Prostat her erkekte doğuştan var olan bir salgı bezi organıdır. Bu salgı bezinde 3 çeşit hastalık oluşur.
1:) Prostat iltihapları
2:) 40 yaş sonrası görülen protatın iyi huylu büyümesi
3:) Yine 40 yaşından sonra ortaya çıkan prostat kanseri
Yunanca (prostates) koruyucu anlamına gelen ‘prostat‘, boşaltım sisteminin sonunda, mesane ve dış idrar kanalı arasında bulunan kestaneye benzeyen bir organdır. Prostat bir hastalık değil, tüm erkeklerde bulunan bir organdır.
Prostat, sadece erkeklerde bulunan bir salgı bezi ve sex organıdır. Kadınlarda prostat ve prostat işlevi gören başka bir organ yoktur.

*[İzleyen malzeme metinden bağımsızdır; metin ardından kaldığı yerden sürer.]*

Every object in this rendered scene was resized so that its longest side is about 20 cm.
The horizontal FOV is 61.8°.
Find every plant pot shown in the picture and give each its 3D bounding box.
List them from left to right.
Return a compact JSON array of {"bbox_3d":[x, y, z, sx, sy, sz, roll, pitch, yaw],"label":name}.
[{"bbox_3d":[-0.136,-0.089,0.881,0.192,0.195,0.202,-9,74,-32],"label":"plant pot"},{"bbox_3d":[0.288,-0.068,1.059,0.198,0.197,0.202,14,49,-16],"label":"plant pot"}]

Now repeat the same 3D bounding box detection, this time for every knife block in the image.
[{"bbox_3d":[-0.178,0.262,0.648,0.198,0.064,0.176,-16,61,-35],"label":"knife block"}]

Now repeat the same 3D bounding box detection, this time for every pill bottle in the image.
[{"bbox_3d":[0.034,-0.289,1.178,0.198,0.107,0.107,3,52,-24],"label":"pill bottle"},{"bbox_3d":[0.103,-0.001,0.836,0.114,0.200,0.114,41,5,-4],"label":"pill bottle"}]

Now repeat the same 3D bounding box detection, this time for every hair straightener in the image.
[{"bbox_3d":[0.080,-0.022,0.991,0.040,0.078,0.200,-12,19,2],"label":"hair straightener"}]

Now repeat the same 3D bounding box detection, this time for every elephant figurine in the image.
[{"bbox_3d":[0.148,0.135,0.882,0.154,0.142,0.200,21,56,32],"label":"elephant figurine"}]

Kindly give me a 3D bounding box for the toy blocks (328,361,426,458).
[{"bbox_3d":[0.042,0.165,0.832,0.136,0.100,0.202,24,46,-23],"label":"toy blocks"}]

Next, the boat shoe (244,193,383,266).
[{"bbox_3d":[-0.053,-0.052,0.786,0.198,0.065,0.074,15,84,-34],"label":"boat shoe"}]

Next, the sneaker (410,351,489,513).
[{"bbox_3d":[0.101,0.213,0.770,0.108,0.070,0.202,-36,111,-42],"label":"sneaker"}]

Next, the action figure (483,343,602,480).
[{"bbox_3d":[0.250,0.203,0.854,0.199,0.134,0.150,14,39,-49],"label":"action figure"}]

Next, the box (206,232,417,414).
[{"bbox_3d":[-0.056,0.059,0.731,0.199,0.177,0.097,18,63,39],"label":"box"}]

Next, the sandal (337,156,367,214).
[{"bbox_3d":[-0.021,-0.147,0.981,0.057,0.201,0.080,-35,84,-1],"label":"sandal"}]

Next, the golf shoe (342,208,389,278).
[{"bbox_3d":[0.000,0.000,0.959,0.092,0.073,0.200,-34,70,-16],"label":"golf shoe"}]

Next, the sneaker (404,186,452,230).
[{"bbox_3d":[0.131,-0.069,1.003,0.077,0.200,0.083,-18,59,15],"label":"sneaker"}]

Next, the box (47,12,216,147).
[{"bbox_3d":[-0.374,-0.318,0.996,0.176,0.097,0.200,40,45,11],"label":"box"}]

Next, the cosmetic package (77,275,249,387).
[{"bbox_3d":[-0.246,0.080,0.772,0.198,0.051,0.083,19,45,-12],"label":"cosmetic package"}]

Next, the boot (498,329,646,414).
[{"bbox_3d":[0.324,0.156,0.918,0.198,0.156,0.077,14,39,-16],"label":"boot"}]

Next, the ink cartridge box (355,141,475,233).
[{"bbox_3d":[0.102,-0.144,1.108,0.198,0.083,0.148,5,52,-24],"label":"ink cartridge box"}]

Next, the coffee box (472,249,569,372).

Prostat; idrar kesesi ile dış idrar yolu arasında yerleşen, ceviz büyüklüğünde, 18 – 20 gr. ağırlığında, yardımcı bir sex organıdır. Temel işlevi, meninin sıvı kısmının oluşturulmasına yardımcı olması ve erkeklerin enfeksiyon kapmasını önleyici olmasıdır. Prostat, yaş ilerledikçe büyüyen bir organdır. Yaklaşık olarak 25 – 30 yaşından sonra büyümeye başlar, prostat hastalıkları bulguları 50 yaş civarında ortaya çıkmaya başlar.
Prostata bağlı hastalıklar kendini nasıl belli eder?
Prostattaki iltihap, yaşlılığa bağlı olarak büyüme veya kansere bağlı olarak çıkan şikayetler aynıdır. Genelde bunlar; sık idrara çıkma, idrar yaparken yanma, idrarı tam yapamama hissi, idrar yapamama gibi şikayetlerdir.
Prostatta iltihap, büyüme ve kanser olmak üzere üç türlü sorun olabilir. Yukarıda bahsedilen şikayetlere bağlı olarak bu sorunların saptanmasında yapılması gerekli olan bazı tetkik ve muayeneler vardır. Öncelikle hastaların makattan prostat muayenesi istenir. Bu muayene parmak yardımı ile makattan yapılan bir muayenedir ve prostattaki büyümenin özellikleri tespit edilir. Ardından tam idrar tahlili ve PSA (Prostat Spesifik Antijen) adı verilen kan tahlili istenir. PSA kan tahlili kanser şüphesi için önemli bir ön testtir.
Ultrasonografi yöntemi ile prostatın büyüklüğü, mesanenin kalınlığı, varsa böbreklerdeki tıkanıklıklar tesbit edilir. İşeme sonrasında mesanede idrar kalıp kalmadığına bakılır. Hastaların işeme hızı, bilgisayarlı ölçüm sistemi ile (üroflowmetri) ölçülerek prostata bağlı tıkanıklık konusunda bilgi alınır.
Ancak tüm bu yöntemler bize hastalığın tipi konusunda bilgi vermezler. Prostata bağlı tıkanıklık ve prostat muayenesi için gelen hastalarda muayenede bir özellik bulunmaz ve PSA değerleri de normal değerlerde çıkarsa bu hastada normal prostat büyümesi vardır denilebilir. Ancak bu hasta elli yaşından küçükse daha detaylı tetkiklerin yapılması istenebilir.
Muayenesinde, PSA değerinde veya her ikisinde birden sorun olan hastalarda hangi tip büyümenin olduğunu anlayabilmek için, prostattan özel aletlerle biyopsi alınarak patolojik olarak incelenmesi gerekir.